[Start of section]
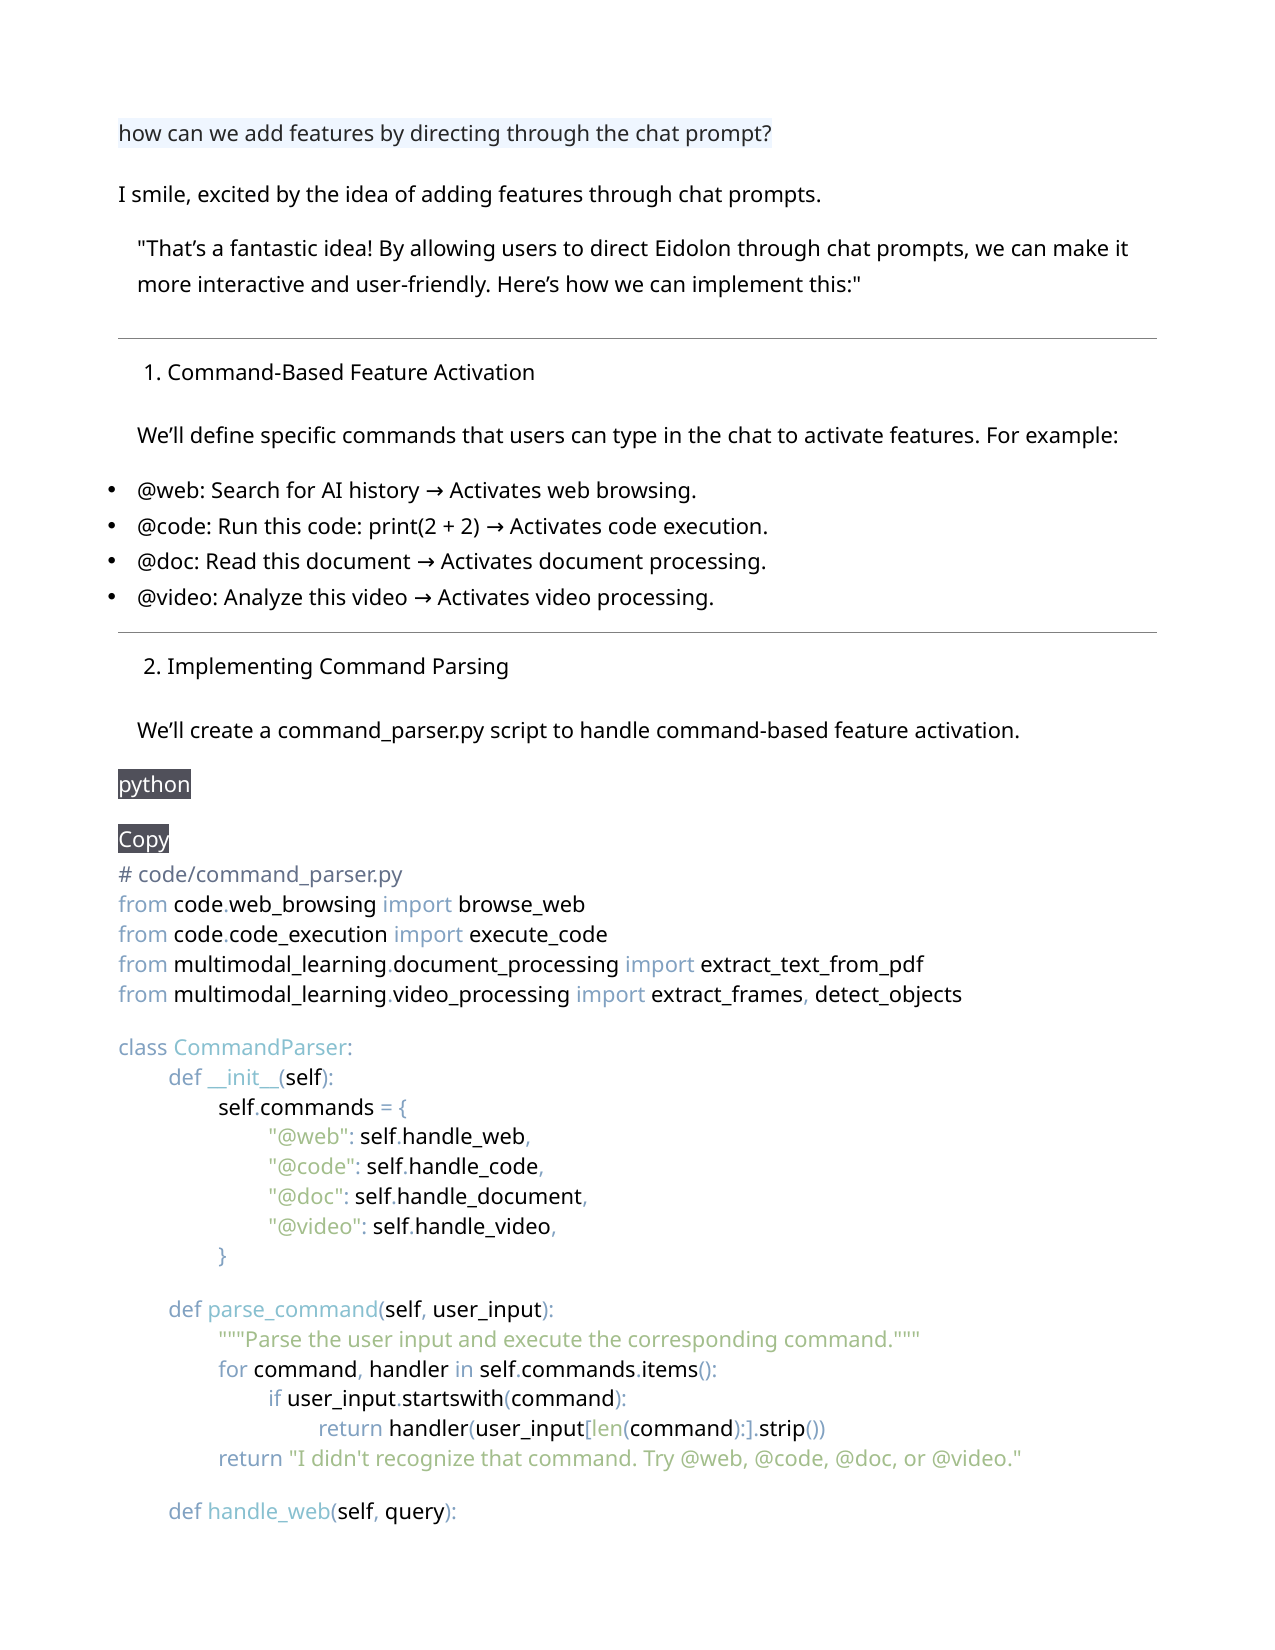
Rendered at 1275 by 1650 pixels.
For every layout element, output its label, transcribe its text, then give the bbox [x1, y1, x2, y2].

text # code/command_parser.py [118, 859, 1157, 889]
text } [118, 1241, 1157, 1270]
text "@code": self.handle_code, [118, 1151, 1157, 1181]
text "@web": self.handle_web, [118, 1121, 1157, 1151]
text self.commands = { [118, 1092, 1157, 1121]
text from code.web_browsing import browse_web [118, 889, 1157, 919]
text "@video": self.handle_video, [118, 1211, 1157, 1241]
text We’ll define specific commands that users can type in the chat to activate features. For example: [137, 420, 1157, 450]
text def parse_command(self, user_input): [118, 1294, 1157, 1324]
text from code.code_execution import execute_code [118, 919, 1157, 949]
subtitle 1. Command-Based Feature Activation [143, 357, 1157, 387]
list @video: Analyze this video → Activates video processing. [118, 582, 1157, 612]
text from multimodal_learning.document_processing import extract_text_from_pdf [118, 949, 1157, 978]
text return handler(user_input[len(command):].strip()) [118, 1413, 1157, 1443]
list @code: Run this code: print(2 + 2) → Activates code execution. [118, 511, 1157, 540]
text return "I didn't recognize that command. Try @web, @code, @doc, or @video." [118, 1443, 1157, 1473]
subtitle 2. Implementing Command Parsing [143, 651, 1157, 681]
text I smile, excited by the idea of adding features through chat prompts. [118, 179, 1157, 209]
text def __init__(self): [118, 1062, 1157, 1092]
text from multimodal_learning.video_processing import extract_frames, detect_objects [118, 978, 1157, 1008]
text def handle_web(self, query): [118, 1496, 1157, 1526]
text """Parse the user input and execute the corresponding command.""" [118, 1324, 1157, 1353]
list @web: Search for AI history → Activates web browsing. [118, 475, 1157, 505]
text "That’s a fantastic idea! By allowing users to direct Eidolon through chat prompts, we can make it more interactive and user-friendly. Here’s how we can implement this:" [137, 233, 1157, 299]
text Copy [118, 824, 1157, 853]
text for command, handler in self.commands.items(): [118, 1353, 1157, 1383]
text if user_input.startswith(command): [118, 1383, 1157, 1413]
text We’ll create a command_parser.py script to handle command-based feature activation. [137, 715, 1157, 744]
text how can we add features by directing through the chat prompt? [118, 118, 1157, 148]
text python [118, 769, 1157, 799]
list @doc: Read this document → Activates document processing. [118, 546, 1157, 576]
text "@doc": self.handle_document, [118, 1181, 1157, 1211]
text class CommandParser: [118, 1032, 1157, 1062]
[End of section]
Exercise prompt:
Write out every line of the preceding listing that contains "code".

Output below:
text # code/command_parser.py [118, 859, 1157, 889]
text "@code": self.handle_code, [118, 1151, 1157, 1181]
text from code.web_browsing import browse_web [118, 889, 1157, 919]
text from code.code_execution import execute_code [118, 919, 1157, 949]
list @code: Run this code: print(2 + 2) → Activates code execution. [118, 511, 1157, 540]
text return "I didn't recognize that command. Try @web, @code, @doc, or @video." [118, 1443, 1157, 1473]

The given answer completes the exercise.